It was 2019 when John Lindquist, a Club member for almost two decades, presented NCR’s Board of Directors with the innovative Scholarship Program concept. His idea was to put sports car racing right in front of the younger generation rather than waiting for teens to randomly stumble upon road racing on TV or the internet. To accomplish this, Lindquist fashioned a plan where a racecar is trailered to a school so students can see, feel, and hear the “real thing” in person.
But Lindquist also knew calling schools at random and saying, “I want to show the kids my neat race car,” probably wasn’t going to be well received. Instead, his strategy was to fashion a message that highlighted the importance of staying in school, and advantages to continuing education after high school. Pair that with a scholarship delivering some support for those with plans to continue their education, and now you have a platform that creates an opportunity to talk about SCCA activities while offering something of value to students in local communities.
In a nutshell, that was the idea Lindquist put forth. Anna Crissman, NCR’s current Regional Executive, said $600 was then earmarked for the project to get the ball rolling. The word was also spread to Region members that help would be needed to get this program off the ground.
“The NCR Board is really gung-ho and excited to do this. It’s a pathway to get in front of an audience and really let them know what the Club is doing, and what opportunities are out there,” Crissman said. “There has been a big learning curve…and many NCR members have jumped in and done a lot to help.”
Unfortunately, COVID made it impossible in 2020 and ’21 to get in front of students at schools.

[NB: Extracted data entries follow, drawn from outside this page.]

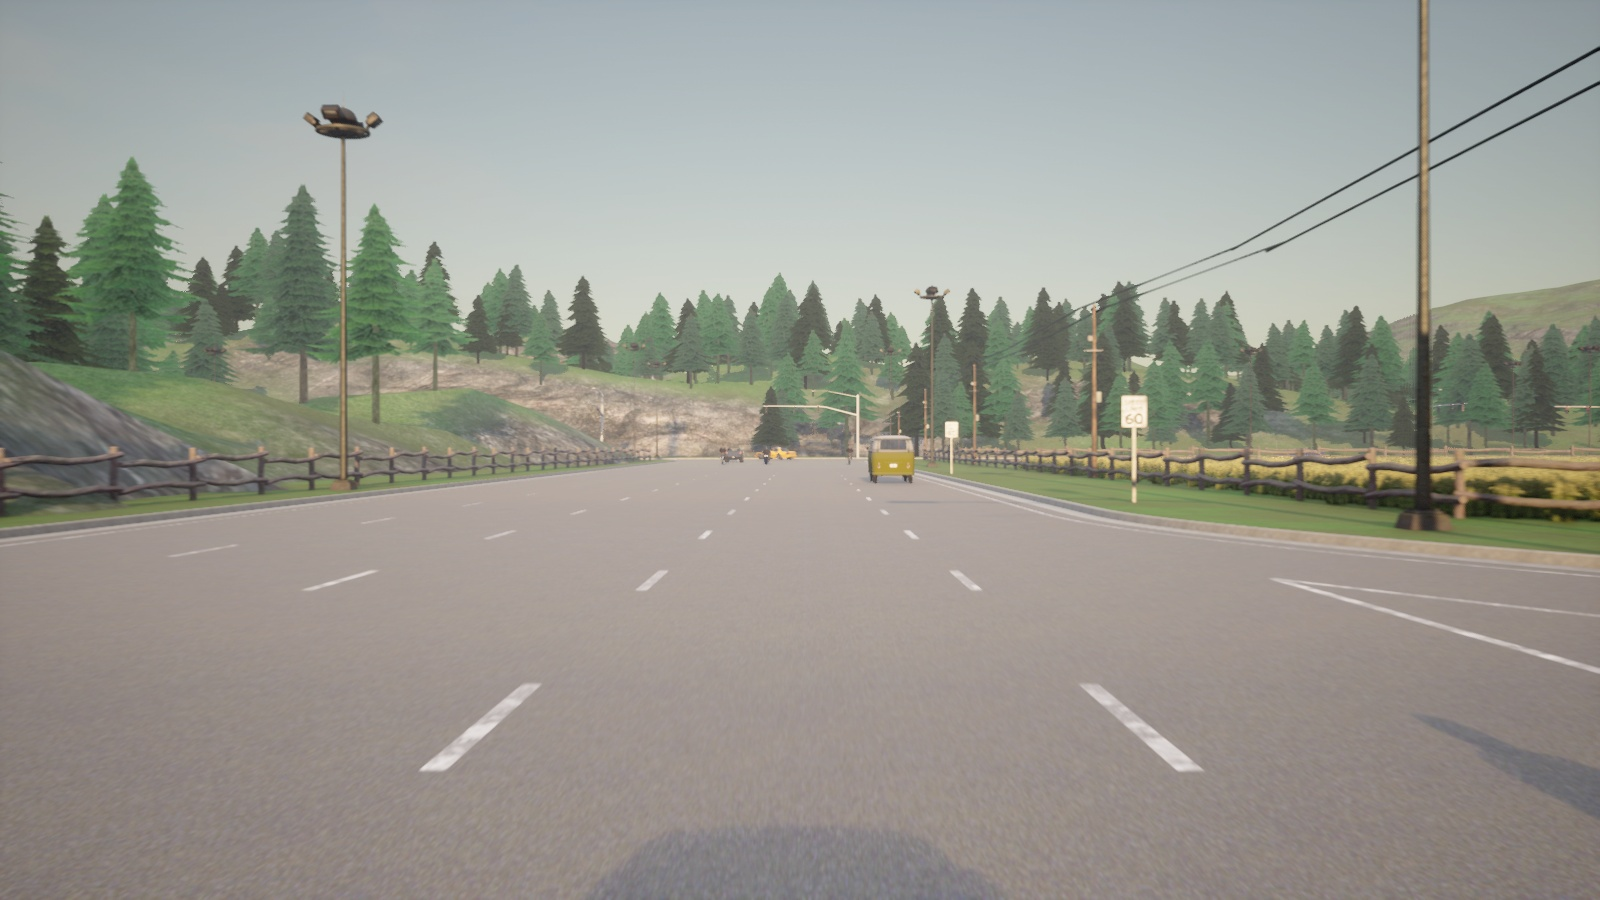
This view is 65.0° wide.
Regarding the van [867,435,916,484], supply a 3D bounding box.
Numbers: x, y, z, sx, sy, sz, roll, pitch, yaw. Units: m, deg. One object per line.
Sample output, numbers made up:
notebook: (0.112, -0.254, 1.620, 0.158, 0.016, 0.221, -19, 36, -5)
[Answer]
van: (3.821, 0.375, 53.072, 1.775, 1.987, 4.442, 0, 0, 0)

But Lindquist, the NCR Scholarship Program administrator, used those two years to raise money for the scholarship fund. There have been raffles offering items graciously donated by a handful of companies, and plenty of individuals have chipped in with generous donations. Thanks to all, NCR’s Scholarship Program is now funded for the next decade, with plans to award at least one $1,000 scholarship each year. Every scholarship also comes with membership to the SCCA.
Just recently, the very first set of NCR Scholarship Program recipients were named. A panel consisting of a half-dozen NCR members selected the winners, who come from schools within the 65 counties in North Carolina – and eight counties in southern Virginia – that fall within NCR’s reach, with each honoree having to demonstrate plans for attending an accredited school after graduation. The 2022 winners are Haylie Kimball, who will attend Campbell University; Nicole Coursey, who is headed to UNC at Chapel Hill; and Yahir Ponce, who will attend Lenoir Community College.
In January 2022, schools were back in session, and Lindquist started to work on filling his presentation calendar. His skillfully crafted pitch to school administrators has been well received, and he’s now visited 14 schools and made more than 40 presentations so far – with 25 to 50 students at each session.
“I tell the kids during my presentation that I’m there to get them excited about something, anything, and maybe that will be sports car racing,” Lindquist said. “I’m very confident that we have not gone to a school yet where we have not influenced somebody’s life in a positive fashion. And that is the ultimate goal.”
Each of Lindquist’s instructional sessions include a 45-minute slide presentation, followed by 15 minutes standing alongside a real SCCA race car. In most cases, it is Lindquist’s very own Prototype 1 machine. Part of that show involves cranking up the car’s 1,200 Kawasaki engine, which never fails to ratchet up the excitement.
Right now, Lindquist is doing all the presentations himself. In some cases, that has meant loading up his racecar and making a nearly nine-hour roundtrip to and from a school. His wife Annie, who is also an NCR member, has been instrumental in helping with that effort. For the coming year, Lindquist has three or four other NCR members with racecars scattered around the state who are being coached on the in-person presentation, which means the outreach plan can be expanded for the future.
Lindquist has some advice for other SCCA Regions interested in building a similar program. The whole process can be complicated as far as executing correctly, legally, and aboveboard. Learning how to effectively communicate to school administrators, or pulling off an exciting presentation to students, also takes work. However, Lindquist is happy to share what he has learned. Just drop him a note at Johndeelindquist@hotmail.com, and he’ll get back to you with some pointers.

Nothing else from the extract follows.